ECLI:NL:CBB:2022:62

College van Beroep voor het bedrijfsleven

Datum uitspraak
8 februari 2022
Publicatiedatum
2 februari 2022
Zaaknummer
20/364
Instantie
College van Beroep voor het bedrijfsleven
Type
Uitspraak
Rechtsgebied
Bestuursrecht
Procedures
  • Tussenuitspraak bestuurlijke lus
Vindplaatsen
  • Rechtspraak.nl
AI samenvatting door LexboostAutomatisch gegenereerd

Tussenuitspraak over de toelating en registratie van een dierenarts met buitenlandse opleidingen

In deze tussenuitspraak van het College van Beroep voor het bedrijfsleven, gedateerd 8 februari 2022, staat de aanvraag van een appellante centraal die in Argentinië opleidingen in de diergeneeskunde heeft gevolgd en daar als dierenarts heeft gewerkt.
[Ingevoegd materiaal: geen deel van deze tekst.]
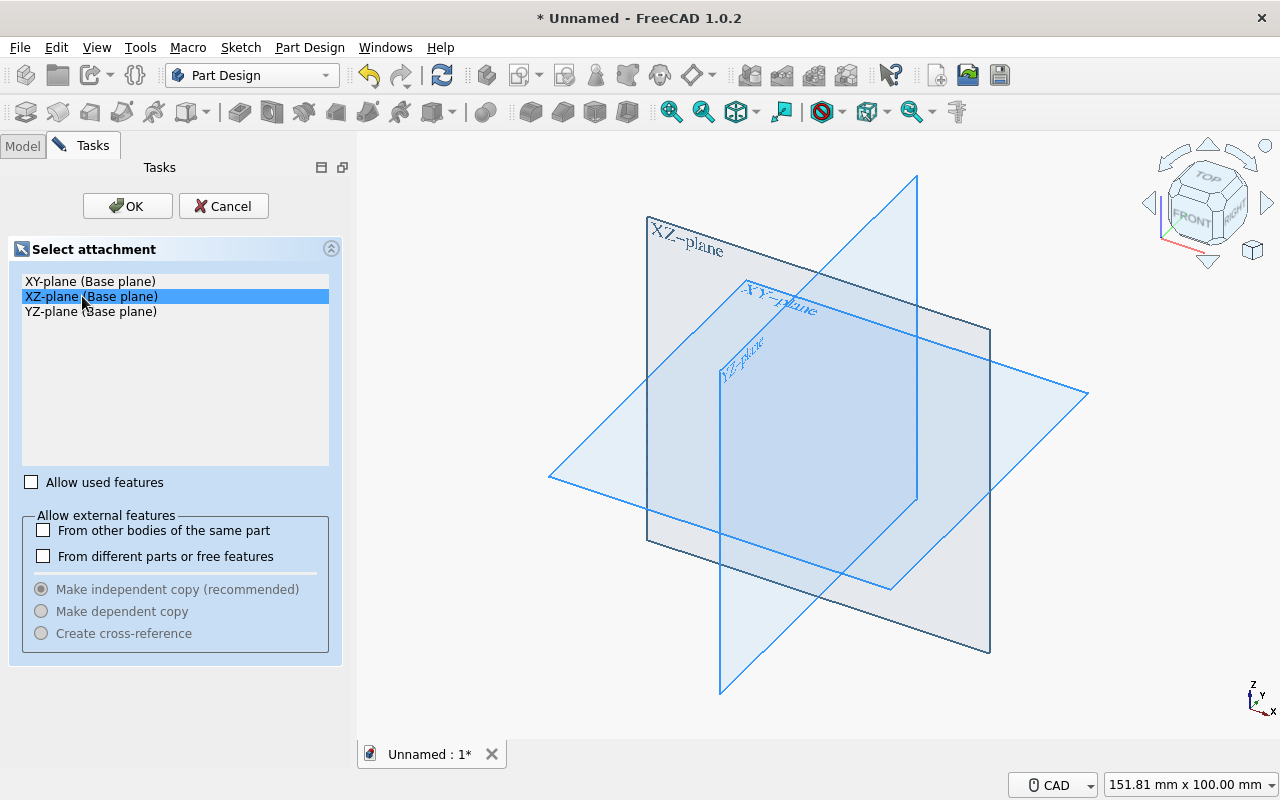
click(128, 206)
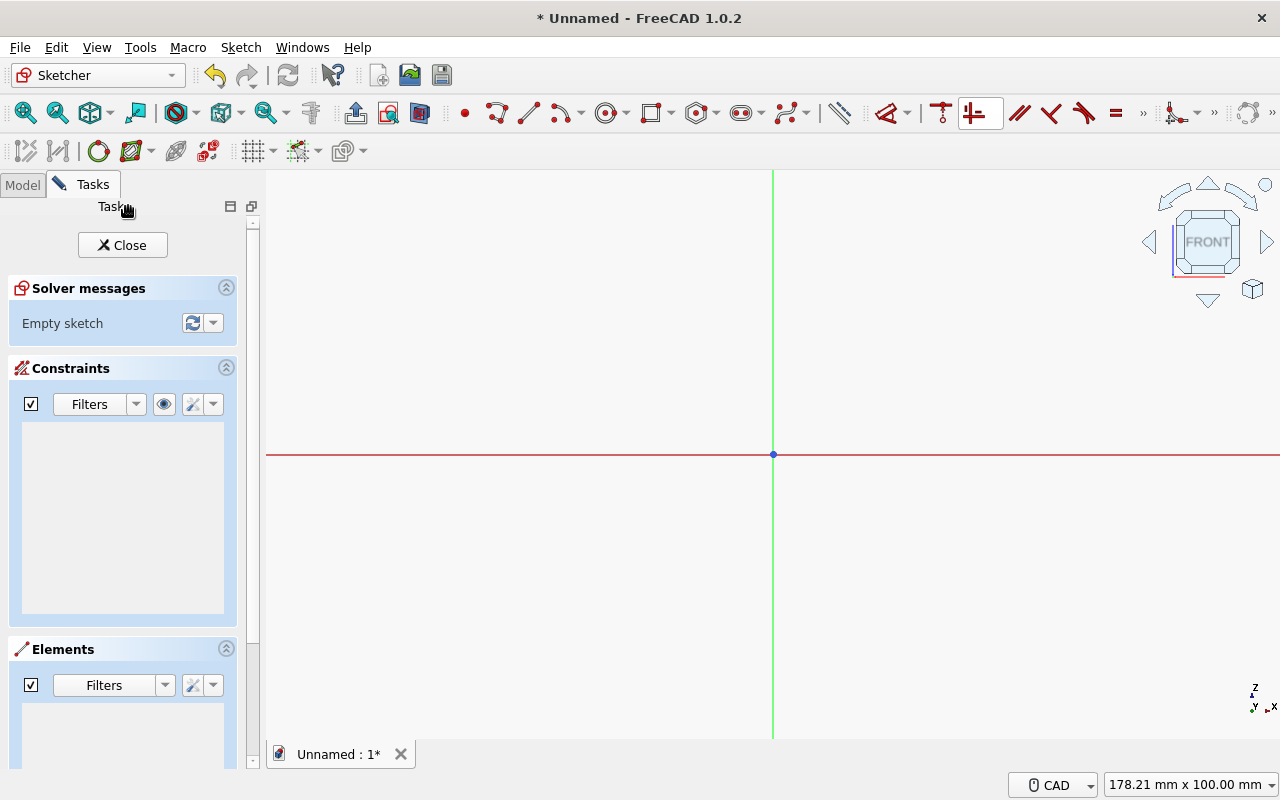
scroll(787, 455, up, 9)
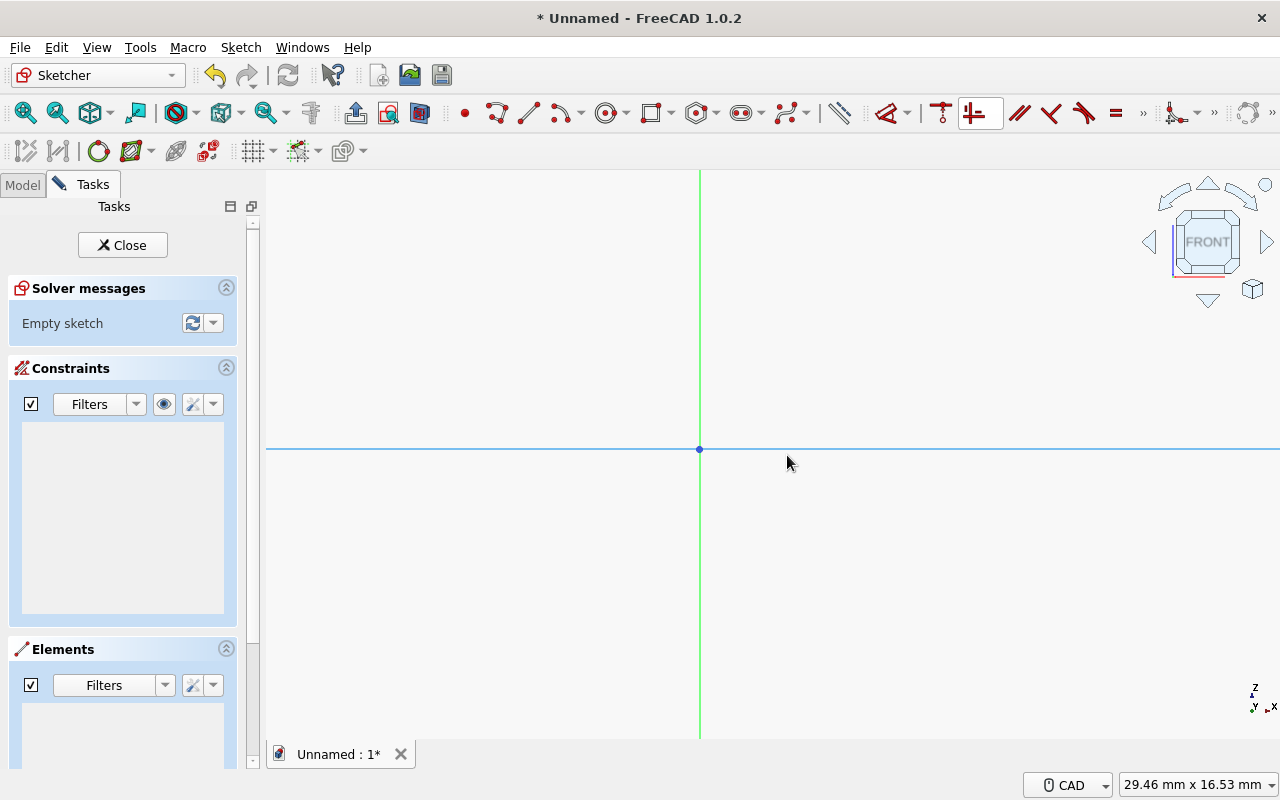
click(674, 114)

De appellante heeft verzocht om toelating en registratie als dierenarts in Nederland, maar haar aanvraag is afgewezen door de minister van Landbouw, Natuur en Voedselkwaliteit. De afwijzing was gebaseerd op deskundigenadviezen van de Faculteit Diergeneeskunde van de Universiteit Utrecht, die concludeerden dat de opleidingen en werkervaring van de appellante niet gelijkwaardig zijn aan de Nederlandse diergeneeskundeopleiding. De appellante is het niet eens met deze beslissing en heeft schadevergoeding geëist.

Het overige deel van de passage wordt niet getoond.